- **Given data**:
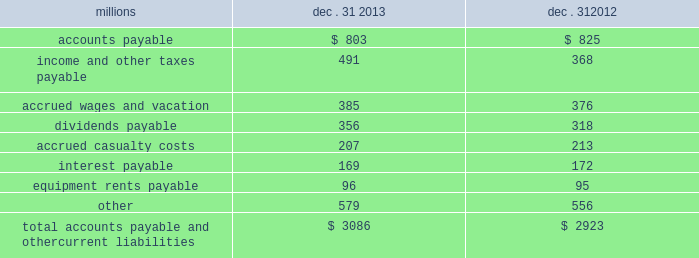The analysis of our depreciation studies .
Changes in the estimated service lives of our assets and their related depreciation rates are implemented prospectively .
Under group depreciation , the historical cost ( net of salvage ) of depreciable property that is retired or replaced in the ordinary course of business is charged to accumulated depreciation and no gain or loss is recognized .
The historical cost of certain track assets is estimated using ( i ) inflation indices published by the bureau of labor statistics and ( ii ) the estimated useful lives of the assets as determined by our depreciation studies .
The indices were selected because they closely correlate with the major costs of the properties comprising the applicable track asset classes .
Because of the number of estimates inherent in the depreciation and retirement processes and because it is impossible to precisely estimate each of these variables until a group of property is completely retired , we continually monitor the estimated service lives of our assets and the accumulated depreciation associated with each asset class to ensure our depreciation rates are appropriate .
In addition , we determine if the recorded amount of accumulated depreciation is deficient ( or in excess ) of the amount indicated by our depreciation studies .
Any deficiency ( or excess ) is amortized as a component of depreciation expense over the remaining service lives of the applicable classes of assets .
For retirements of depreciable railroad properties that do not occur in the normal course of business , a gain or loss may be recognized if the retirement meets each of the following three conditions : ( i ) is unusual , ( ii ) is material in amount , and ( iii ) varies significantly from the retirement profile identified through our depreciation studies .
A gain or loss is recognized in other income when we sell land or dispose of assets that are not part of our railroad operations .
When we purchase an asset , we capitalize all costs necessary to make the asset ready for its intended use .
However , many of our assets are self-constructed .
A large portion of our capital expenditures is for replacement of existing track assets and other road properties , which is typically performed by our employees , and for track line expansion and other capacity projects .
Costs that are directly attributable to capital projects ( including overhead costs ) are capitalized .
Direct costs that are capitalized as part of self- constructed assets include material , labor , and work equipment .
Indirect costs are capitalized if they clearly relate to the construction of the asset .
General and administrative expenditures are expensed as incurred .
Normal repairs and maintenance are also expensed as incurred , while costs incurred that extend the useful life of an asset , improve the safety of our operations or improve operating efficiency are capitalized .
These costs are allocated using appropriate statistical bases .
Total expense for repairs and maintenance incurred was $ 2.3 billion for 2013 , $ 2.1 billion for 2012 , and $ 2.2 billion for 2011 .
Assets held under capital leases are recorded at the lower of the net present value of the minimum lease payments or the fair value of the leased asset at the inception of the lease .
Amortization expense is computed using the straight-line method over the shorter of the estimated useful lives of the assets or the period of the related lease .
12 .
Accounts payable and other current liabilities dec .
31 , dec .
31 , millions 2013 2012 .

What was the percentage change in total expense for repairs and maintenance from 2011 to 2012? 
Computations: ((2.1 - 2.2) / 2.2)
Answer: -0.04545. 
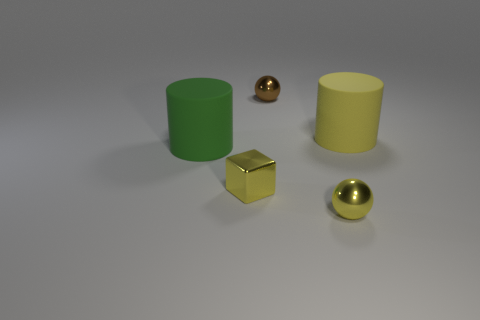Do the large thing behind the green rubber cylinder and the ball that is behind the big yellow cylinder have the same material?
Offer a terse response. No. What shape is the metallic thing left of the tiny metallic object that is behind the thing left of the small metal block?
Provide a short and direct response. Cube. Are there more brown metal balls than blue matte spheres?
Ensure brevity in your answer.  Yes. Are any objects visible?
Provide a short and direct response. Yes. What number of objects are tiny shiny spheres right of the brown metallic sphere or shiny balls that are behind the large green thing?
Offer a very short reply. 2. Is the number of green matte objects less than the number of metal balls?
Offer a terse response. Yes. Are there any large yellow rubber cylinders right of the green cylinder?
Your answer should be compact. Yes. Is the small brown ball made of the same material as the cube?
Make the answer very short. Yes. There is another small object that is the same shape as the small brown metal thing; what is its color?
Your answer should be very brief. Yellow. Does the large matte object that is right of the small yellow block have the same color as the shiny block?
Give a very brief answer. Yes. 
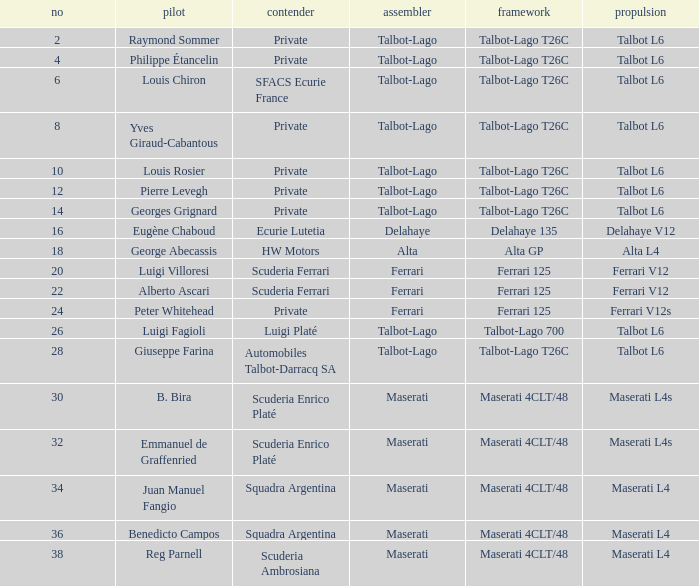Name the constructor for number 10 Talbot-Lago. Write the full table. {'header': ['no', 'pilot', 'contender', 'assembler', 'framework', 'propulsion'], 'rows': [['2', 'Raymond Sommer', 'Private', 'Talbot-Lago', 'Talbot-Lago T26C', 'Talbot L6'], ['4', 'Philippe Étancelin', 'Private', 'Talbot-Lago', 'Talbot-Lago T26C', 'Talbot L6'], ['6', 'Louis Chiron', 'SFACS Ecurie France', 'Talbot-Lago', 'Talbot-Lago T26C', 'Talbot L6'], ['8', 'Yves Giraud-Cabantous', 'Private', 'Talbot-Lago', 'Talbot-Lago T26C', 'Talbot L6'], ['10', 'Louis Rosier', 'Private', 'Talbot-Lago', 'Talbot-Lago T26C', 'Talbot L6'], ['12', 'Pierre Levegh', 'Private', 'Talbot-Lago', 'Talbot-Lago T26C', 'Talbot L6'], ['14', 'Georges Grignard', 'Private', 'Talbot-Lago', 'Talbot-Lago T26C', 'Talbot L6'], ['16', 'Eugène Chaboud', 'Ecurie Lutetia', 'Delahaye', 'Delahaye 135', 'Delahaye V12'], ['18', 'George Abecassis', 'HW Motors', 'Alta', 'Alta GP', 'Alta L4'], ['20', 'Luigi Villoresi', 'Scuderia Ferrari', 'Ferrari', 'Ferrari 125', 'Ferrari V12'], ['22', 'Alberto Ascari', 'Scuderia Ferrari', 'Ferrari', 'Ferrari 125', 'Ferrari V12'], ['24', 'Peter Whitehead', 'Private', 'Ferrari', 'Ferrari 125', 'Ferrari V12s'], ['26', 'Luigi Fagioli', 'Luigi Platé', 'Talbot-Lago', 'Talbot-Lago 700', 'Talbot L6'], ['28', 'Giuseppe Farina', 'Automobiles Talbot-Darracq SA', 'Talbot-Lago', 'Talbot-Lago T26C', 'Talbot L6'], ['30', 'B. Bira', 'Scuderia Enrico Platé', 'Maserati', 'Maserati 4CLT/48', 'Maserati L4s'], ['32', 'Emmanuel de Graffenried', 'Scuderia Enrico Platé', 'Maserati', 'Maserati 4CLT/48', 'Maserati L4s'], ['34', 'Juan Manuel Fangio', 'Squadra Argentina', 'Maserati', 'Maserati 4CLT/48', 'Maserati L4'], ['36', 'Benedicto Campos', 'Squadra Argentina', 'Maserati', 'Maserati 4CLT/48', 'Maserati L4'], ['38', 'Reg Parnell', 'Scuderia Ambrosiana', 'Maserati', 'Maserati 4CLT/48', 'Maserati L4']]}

- **Exercise**: Check every line above for the string "operations" and copy those that have it.

- **Worked solution**:
A gain or loss is recognized in other income when we sell land or dispose of assets that are not part of our railroad operations .
Normal repairs and maintenance are also expensed as incurred , while costs incurred that extend the useful life of an asset , improve the safety of our operations or improve operating efficiency are capitalized .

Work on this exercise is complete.